Levie’s vantage point in the cloud world adds to that push. Synergy Research has been tracking cloud infrastructure spending exceeding a quarterly trillion dollars since 2018; and AI workloads are revolutionizing the bill. The tough question for any CIO — and every startup — is how to balance unit economics once inference becomes a meaningful line item. Watch for down-to-earth advice on data pipelines, retrieval augmentation and the evolving practice of AI cost governance.
Decentralized Compute and Rails V2 for Finance
Yakovenko will push past token prices to throughput, fees, and, crucially, developer experience. With advancements like local fee markets and dense on-chain data, the question is moving from speculation to scale: can decentralized systems credibly support real-time payments, games, and social apps without compromising security?

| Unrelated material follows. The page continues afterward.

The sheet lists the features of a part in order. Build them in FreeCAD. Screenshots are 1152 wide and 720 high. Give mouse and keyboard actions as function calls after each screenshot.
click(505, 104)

Botha and Gil will map the terrain of the capital. Venture deal volume cooled from its pandemic ebb while AI mega-rounds saw capital concentrated into a few model and infrastructure plays, according to PitchBook and NVCA analysis. The Disrupt Stage will reveal how the barbell market impacts both the formation of seed, second-time founder plays and the new “full-stack AI” thesis that goes from chips all the way through to application UX.

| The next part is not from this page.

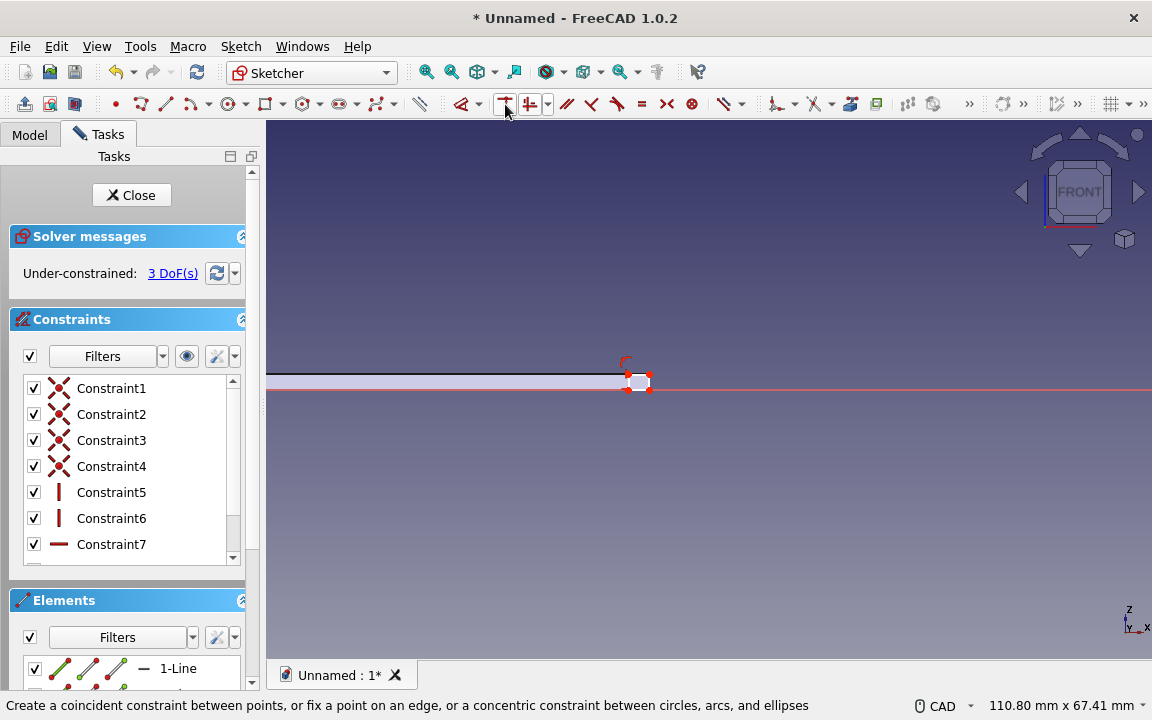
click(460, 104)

Founders rewriting consumer playbooks for AI-first commerce
The premillennial analog might be something like Phia’s blueprint — part of the larger shift toward social discovery, chat-native shopping and creator-fueled trust. Accenture has estimated that social commerce could exceed a trillion dollars by the middle of the decade, and the leaders are constructing lightweight funnels in which content and checkout fall into each other. Look ahead to hard lessons on attribution, authenticity and keeping hallucinations out of the cart.
Cluely’s Roy Lee provides us with the creative industry’s version of this: as generative tools commoditize production, taste, curation and rights management become defensible moats. A similar playbook is being used in sports. With league-wide tracking systems and nascent data rights, TracyAI reads the market as one where predictive insights and fan personalization are as important as box scores.
Why place still matters for innovation and local ecosystems
San Francisco’s mayor, Daniel Lurie, is likely to urge that density is destiny. The Bay Area consistently commands a significant slice of U.S. venture dollars, according to NVCA, and access to research labs, cloud providers and policymakers accelerates iteration. The takeaway: innovation compasses are local, even in a remote-first world.
What to watch onstage: metrics, safety, and real outcomes
Seek evidence, not poetic proclamations:
- Operating metrics for AI rollouts
- Safety standards for autonomy
- Concrete paths to economically viable cloud-era software
- Credible returns on pseudo-decentralized systems
- Consumer AI that sells without spamming
“Disrupt has become a bellwether exactly in the sense that it rewards specifics — and because the people on that stage are building what the rest of the industry will be reacting to next.”